3. Votre livre préféré?
J'aime tous les genres littéraires, de Murakami à Stephen King. Je tire les titres de mes tableaux de nouvelles et de romans de science-fiction. Si je devais choisir mon livre préféré, ce serait Le Tambour de Günter Grass, tout simplement parce que c'était mon livre préféré il y a de nombreuses années et que j'ai l'intention de le relire.
4. Comment êtes-vous venu à l'art?
C'est la musique qui m'a initié à l'art. Adolescent, je faisais partie de la scène punk/metal DIY dans ma petite ville natale en Islande. Le passage de la musique aux « arts plastiques » m'a semblé être une évolution naturelle, car j'ai toujours ressenti le besoin de m'exprimer à travers la création.
Ma relation de longue date avec la musique, en tant que musicien et auditeur, en particulier pendant mes années formatrices dans le nord de l'Islande, a profondément influencé ma perspective artistique. La musique imprégnait tous les aspects de la vie : les interactions sociales, la créativité et la communication. Lorsque j'ai commencé à m'intéresser aux arts plastiques, il m'a semblé tout à fait naturel d'utiliser la musique comme principale référence.
5. Quelles personnes de votre entourage vous influencent?
Je travaille beaucoup avec et pour d'autres artistes. Je trouve que le fait de m'intéresser aux œuvres et aux présentations d'autres personnes est toujours bénéfique pour ma propre pratique et mon approche. De plus, les expositions et les concerts m'influencent beaucoup, tout comme les conversations avec des artistes et des musiciens sur leur processus créatif.
6. Imaginez que vous ayez une machine à remonter le temps. Où vous mènerait votre voyage?
Si j'avais une machine à remonter le temps avec un billet de retour garanti vers le présent (je suis très satisfait ici !), je l'utiliserais sans hésiter pour jeter un coup d'œil au passé. Mes premières étapes seraient les ateliers et les premières expositions d'innombrables artistes, de Michel-Ange à Gauguin en passant par Warhol. De la même manière, j'aimerais assister à quelques-uns des premiers concerts de groupes et de musiciens des années 60 à 80, en particulier dans les genres rock et heavy metal.
7. Votre plus grande passion en dehors de l'art?
La musique et la famille.
8. Sur quoi travaillez-vous actuellement?
J'ai la chance de recevoir régulièrement des commandes d'œuvres d'art sur mesure, tant pour des espaces commerciaux que privés.

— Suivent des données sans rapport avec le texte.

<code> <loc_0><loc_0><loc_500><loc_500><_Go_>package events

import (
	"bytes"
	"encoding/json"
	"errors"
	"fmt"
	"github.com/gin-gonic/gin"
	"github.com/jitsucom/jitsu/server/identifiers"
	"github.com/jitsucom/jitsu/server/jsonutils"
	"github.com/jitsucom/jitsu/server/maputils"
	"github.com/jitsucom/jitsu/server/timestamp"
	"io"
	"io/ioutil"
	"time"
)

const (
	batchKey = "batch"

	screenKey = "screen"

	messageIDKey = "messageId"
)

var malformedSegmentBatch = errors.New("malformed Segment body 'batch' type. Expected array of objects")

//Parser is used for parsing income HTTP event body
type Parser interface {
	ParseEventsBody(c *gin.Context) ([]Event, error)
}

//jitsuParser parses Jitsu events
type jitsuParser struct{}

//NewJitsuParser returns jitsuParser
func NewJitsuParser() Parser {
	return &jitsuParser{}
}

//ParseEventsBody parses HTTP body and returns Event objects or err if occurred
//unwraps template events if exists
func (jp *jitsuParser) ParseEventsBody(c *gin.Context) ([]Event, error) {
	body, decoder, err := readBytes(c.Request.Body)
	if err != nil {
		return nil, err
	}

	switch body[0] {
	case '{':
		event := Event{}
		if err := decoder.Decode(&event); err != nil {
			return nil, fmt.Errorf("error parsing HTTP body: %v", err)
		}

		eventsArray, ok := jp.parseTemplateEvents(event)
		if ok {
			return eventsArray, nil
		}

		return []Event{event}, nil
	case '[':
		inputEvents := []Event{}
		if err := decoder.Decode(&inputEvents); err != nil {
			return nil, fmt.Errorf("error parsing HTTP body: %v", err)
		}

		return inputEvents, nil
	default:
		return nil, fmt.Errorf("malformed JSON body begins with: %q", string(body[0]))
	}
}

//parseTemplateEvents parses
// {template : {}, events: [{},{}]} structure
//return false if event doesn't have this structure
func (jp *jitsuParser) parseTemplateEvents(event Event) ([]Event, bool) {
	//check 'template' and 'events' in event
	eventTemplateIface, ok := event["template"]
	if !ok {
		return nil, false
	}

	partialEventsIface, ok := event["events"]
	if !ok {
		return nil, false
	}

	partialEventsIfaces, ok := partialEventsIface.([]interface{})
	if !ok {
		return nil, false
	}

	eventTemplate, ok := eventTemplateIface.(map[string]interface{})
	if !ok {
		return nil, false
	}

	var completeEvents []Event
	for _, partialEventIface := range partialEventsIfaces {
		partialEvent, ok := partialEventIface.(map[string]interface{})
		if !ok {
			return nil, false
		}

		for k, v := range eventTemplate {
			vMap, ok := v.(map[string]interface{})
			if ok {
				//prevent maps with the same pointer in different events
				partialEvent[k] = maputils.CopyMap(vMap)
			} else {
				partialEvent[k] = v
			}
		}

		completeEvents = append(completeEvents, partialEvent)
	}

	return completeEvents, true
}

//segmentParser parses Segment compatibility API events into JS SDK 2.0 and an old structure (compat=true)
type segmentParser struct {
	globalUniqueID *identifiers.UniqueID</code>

Je travaille actuellement sur deux commandes, mais je commence surtout à préparer une grande exposition solo en Islande en 2026.
9. Une question que vous vous posez et à laquelle vous aimeriez répondre pour les collectionneurs LUMAS –
quelque chose que vous aimeriez partager.
Je me suis beaucoup interrogé sur l'impact que toutes ces images et idées générées par l'IA vont avoir sur le monde de l'art. Mon intuition me dit que l'art « fait par l'homme », celui qui est imaginé et créé par de vraies personnes, va en fait devenir encore plus spécial et précieux maintenant que nous avons tant de choses générées par l'IA.